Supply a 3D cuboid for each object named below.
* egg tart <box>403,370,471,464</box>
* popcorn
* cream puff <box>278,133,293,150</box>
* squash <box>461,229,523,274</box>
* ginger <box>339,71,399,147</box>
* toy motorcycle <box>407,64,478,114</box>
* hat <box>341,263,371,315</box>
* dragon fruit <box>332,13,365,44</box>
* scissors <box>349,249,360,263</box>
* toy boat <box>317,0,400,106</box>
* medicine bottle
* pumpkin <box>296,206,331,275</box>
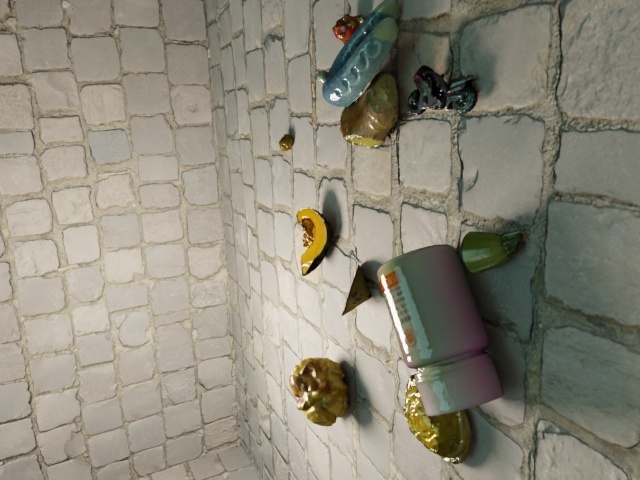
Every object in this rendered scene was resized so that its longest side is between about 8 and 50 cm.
[{"bbox_3d":[0.316,0.500,1.478,0.291,0.107,0.291,32,127,58],"label":"egg tart"},{"bbox_3d":[0.012,0.625,2.077,0.265,0.225,0.332,-115,5,-56],"label":"popcorn"},{"bbox_3d":[-0.149,-0.428,2.261,0.058,0.083,0.083,43,155,-25],"label":"cream puff"},{"bbox_3d":[0.406,0.021,1.171,0.132,0.105,0.105,-12,87,47],"label":"squash"},{"bbox_3d":[0.149,-0.390,1.537,0.275,0.130,0.221,30,114,61],"label":"ginger"},{"bbox_3d":[0.300,-0.374,1.269,0.213,0.082,0.123,16,112,51],"label":"toy motorcycle"},{"bbox_3d":[0.140,0.186,1.805,0.193,0.082,0.193,19,-90,-85],"label":"hat"},{"bbox_3d":[0.095,-0.673,1.618,0.116,0.086,0.081,-21,104,28],"label":"dragon fruit"},{"bbox_3d":[0.125,0.065,1.873,0.083,0.006,0.036,45,135,53],"label":"scissors"},{"bbox_3d":[0.098,-0.533,1.469,0.330,0.123,0.215,-47,26,45],"label":"toy boat"},{"bbox_3d":[0.299,0.222,1.293,0.219,0.219,0.389,-48,56,60],"label":"medicine bottle"},{"bbox_3d":[0.003,0.002,2.032,0.163,0.111,0.279,2,98,49],"label":"pumpkin"}]

=======

### TASK ITEM:
Nothing but the lines from the one holding "Every object in" through the last line of the data may be output, and each must match exactly.

### WRITTEN ANSWER:
Every object in this rendered scene was resized so that its longest side is between about 8 and 50 cm.
[{"bbox_3d":[0.316,0.500,1.478,0.291,0.107,0.291,32,127,58],"label":"egg tart"},{"bbox_3d":[0.012,0.625,2.077,0.265,0.225,0.332,-115,5,-56],"label":"popcorn"},{"bbox_3d":[-0.149,-0.428,2.261,0.058,0.083,0.083,43,155,-25],"label":"cream puff"},{"bbox_3d":[0.406,0.021,1.171,0.132,0.105,0.105,-12,87,47],"label":"squash"},{"bbox_3d":[0.149,-0.390,1.537,0.275,0.130,0.221,30,114,61],"label":"ginger"},{"bbox_3d":[0.300,-0.374,1.269,0.213,0.082,0.123,16,112,51],"label":"toy motorcycle"},{"bbox_3d":[0.140,0.186,1.805,0.193,0.082,0.193,19,-90,-85],"label":"hat"},{"bbox_3d":[0.095,-0.673,1.618,0.116,0.086,0.081,-21,104,28],"label":"dragon fruit"},{"bbox_3d":[0.125,0.065,1.873,0.083,0.006,0.036,45,135,53],"label":"scissors"},{"bbox_3d":[0.098,-0.533,1.469,0.330,0.123,0.215,-47,26,45],"label":"toy boat"},{"bbox_3d":[0.299,0.222,1.293,0.219,0.219,0.389,-48,56,60],"label":"medicine bottle"},{"bbox_3d":[0.003,0.002,2.032,0.163,0.111,0.279,2,98,49],"label":"pumpkin"}]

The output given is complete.